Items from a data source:
=-=-=-=-=
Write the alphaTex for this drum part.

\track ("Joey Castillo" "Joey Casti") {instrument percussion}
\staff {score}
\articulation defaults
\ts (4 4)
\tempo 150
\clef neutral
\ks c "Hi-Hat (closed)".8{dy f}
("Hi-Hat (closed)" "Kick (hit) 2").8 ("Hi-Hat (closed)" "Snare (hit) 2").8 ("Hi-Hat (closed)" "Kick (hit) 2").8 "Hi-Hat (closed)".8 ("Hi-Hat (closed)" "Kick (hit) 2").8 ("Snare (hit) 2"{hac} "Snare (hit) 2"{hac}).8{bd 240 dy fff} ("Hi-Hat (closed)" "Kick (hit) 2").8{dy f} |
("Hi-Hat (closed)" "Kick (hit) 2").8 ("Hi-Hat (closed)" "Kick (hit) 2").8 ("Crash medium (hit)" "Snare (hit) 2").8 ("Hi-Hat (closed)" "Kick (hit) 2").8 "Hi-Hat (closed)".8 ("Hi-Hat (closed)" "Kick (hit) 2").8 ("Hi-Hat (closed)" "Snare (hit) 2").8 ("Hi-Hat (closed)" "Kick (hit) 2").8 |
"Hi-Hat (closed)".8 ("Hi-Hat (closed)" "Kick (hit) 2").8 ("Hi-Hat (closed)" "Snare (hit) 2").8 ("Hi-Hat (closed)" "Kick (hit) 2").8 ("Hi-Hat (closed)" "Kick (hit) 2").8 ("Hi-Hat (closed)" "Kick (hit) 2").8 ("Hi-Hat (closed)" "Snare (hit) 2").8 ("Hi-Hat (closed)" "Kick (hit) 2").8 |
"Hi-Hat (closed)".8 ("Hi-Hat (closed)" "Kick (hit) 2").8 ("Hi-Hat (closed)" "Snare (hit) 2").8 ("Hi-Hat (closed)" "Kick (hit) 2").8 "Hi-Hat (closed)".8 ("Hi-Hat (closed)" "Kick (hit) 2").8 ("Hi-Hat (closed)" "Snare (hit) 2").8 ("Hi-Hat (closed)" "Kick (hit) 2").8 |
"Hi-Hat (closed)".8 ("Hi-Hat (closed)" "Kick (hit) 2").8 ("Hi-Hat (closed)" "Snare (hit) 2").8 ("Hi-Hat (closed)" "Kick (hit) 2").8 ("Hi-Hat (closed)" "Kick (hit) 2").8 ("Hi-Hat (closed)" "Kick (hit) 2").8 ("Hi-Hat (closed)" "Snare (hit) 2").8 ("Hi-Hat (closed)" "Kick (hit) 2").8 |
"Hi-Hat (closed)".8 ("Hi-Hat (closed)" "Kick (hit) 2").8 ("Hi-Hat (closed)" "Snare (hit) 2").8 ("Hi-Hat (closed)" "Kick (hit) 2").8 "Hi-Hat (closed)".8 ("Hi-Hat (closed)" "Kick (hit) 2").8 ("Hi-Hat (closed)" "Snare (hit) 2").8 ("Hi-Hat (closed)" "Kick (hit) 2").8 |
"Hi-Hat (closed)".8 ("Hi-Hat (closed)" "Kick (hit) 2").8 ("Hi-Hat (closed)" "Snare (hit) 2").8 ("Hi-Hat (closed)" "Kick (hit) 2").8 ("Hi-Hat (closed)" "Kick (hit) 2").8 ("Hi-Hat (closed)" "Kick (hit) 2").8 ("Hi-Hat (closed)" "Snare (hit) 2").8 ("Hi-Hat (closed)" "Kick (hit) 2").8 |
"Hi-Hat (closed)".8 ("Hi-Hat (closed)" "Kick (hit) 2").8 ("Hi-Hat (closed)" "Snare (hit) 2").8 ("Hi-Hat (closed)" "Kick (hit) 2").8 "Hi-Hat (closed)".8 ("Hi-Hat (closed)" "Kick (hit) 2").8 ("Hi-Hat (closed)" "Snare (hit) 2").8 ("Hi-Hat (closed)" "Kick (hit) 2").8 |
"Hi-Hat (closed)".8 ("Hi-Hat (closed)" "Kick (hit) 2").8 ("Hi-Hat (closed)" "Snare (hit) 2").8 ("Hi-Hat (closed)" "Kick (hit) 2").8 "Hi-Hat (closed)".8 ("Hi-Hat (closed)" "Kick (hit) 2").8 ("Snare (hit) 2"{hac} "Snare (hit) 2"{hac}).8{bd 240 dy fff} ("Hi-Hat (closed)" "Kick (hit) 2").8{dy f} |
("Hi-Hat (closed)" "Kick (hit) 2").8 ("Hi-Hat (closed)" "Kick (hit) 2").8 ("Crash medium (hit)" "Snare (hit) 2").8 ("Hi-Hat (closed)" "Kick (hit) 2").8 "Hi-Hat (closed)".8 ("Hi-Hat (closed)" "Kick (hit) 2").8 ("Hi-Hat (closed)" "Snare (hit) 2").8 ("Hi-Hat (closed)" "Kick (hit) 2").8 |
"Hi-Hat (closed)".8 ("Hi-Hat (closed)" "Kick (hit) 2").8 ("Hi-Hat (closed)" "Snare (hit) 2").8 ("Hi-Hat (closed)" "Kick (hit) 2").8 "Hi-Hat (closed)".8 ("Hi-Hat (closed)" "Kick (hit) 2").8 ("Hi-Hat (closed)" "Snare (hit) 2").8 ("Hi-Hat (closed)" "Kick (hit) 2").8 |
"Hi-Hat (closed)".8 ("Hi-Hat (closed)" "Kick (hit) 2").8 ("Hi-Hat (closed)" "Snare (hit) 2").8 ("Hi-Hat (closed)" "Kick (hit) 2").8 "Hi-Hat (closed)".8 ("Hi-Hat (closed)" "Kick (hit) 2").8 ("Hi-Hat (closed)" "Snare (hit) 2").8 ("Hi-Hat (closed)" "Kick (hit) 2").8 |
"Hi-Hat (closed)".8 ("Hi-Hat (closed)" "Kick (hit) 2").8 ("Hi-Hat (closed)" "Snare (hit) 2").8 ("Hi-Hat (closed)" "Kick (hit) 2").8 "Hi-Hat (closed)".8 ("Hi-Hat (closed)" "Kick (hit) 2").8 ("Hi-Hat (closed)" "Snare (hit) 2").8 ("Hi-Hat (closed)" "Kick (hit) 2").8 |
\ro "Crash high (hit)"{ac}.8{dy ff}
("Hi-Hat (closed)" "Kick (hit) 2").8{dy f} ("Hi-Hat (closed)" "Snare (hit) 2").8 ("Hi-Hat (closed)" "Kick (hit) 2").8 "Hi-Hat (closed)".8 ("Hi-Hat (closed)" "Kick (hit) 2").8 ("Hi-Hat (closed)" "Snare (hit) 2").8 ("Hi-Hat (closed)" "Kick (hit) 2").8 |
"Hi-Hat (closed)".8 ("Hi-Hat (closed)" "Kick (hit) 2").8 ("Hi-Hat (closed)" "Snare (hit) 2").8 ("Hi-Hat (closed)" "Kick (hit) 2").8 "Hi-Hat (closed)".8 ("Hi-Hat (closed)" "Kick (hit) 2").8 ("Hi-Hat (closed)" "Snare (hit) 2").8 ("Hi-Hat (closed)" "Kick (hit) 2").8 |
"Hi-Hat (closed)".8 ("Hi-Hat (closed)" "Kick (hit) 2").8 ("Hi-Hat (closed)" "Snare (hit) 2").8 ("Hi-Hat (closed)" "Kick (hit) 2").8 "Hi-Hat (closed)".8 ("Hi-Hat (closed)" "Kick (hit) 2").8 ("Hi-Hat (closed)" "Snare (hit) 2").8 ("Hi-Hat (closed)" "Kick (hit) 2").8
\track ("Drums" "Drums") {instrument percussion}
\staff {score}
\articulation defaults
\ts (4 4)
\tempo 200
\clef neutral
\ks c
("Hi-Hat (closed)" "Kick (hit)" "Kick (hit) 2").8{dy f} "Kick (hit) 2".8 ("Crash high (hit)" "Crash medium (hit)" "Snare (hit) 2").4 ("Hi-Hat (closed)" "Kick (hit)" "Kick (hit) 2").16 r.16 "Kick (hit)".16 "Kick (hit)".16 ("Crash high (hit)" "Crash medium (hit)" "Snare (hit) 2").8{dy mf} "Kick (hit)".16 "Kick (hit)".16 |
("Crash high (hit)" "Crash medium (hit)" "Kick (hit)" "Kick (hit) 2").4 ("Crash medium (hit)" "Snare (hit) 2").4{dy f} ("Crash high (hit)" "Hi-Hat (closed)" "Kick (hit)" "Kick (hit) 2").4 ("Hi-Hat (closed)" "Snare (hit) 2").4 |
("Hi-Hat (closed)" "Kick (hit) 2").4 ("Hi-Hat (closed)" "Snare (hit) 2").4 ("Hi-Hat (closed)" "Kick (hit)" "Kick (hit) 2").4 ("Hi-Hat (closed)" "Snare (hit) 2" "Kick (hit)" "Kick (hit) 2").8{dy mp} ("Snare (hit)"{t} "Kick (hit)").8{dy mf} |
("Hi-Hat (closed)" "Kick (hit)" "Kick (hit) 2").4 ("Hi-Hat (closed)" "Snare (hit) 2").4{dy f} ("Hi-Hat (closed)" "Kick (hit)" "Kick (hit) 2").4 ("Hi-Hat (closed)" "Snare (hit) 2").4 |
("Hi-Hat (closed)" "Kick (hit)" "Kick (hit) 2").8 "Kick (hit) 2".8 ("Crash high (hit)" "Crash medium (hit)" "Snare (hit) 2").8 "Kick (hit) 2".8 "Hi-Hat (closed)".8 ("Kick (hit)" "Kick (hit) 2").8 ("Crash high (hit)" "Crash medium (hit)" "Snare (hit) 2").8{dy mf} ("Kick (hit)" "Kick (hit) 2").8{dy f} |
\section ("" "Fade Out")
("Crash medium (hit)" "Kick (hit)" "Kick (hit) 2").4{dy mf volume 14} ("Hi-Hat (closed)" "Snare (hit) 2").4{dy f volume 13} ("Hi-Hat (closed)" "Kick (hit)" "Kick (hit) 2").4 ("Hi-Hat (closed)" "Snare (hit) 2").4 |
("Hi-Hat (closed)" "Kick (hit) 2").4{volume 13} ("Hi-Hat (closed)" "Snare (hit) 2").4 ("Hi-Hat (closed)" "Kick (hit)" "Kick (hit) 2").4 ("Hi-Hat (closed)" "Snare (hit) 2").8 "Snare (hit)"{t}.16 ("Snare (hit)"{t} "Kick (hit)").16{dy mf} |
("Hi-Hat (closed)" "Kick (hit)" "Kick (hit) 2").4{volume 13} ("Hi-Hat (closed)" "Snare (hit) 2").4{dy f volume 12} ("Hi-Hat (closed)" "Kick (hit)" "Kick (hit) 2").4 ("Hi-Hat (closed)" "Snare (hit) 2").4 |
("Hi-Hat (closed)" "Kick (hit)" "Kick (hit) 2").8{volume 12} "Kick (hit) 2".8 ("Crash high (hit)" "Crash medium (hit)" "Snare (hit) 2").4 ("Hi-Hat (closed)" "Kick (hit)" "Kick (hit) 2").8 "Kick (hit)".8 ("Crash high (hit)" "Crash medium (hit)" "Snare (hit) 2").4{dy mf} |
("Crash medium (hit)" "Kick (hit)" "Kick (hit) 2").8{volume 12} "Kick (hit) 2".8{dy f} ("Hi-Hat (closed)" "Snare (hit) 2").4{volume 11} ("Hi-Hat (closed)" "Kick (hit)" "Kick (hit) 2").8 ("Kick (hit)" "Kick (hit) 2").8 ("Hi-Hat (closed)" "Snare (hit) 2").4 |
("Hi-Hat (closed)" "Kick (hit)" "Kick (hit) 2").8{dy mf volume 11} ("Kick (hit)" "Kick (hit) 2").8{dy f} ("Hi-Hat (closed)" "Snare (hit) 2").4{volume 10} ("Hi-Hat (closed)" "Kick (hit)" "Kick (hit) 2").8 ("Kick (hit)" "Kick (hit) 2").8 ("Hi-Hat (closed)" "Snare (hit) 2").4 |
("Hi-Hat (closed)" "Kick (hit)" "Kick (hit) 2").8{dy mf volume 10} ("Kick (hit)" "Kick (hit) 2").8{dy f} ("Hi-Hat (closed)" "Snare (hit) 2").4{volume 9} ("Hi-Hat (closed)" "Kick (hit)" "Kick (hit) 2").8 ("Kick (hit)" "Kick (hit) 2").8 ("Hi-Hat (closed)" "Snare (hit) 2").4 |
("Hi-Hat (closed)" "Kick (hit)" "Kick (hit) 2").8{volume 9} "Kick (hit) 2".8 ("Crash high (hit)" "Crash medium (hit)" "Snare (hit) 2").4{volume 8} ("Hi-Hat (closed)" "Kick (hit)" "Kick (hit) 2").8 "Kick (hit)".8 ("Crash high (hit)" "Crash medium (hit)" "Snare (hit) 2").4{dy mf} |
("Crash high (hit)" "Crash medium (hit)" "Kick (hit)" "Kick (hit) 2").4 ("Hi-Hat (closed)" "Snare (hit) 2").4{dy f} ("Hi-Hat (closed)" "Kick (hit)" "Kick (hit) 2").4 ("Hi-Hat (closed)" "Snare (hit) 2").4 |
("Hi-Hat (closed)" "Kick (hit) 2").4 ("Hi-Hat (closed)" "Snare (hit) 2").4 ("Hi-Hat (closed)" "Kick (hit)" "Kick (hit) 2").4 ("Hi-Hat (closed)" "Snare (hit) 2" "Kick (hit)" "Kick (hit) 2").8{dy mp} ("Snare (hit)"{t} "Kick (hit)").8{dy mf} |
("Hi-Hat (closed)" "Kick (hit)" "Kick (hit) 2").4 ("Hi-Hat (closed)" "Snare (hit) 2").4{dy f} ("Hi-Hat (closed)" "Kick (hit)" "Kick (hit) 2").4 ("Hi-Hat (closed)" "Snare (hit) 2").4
=-=-=-=-=
WHAT YOU HAVE TO DO - Once you find the string "instrument" in a line of the records, copy that line.

TASK RESPONSE -
\track ("Joey Castillo" "Joey Casti") {instrument percussion}
\track ("Drums" "Drums") {instrument percussion}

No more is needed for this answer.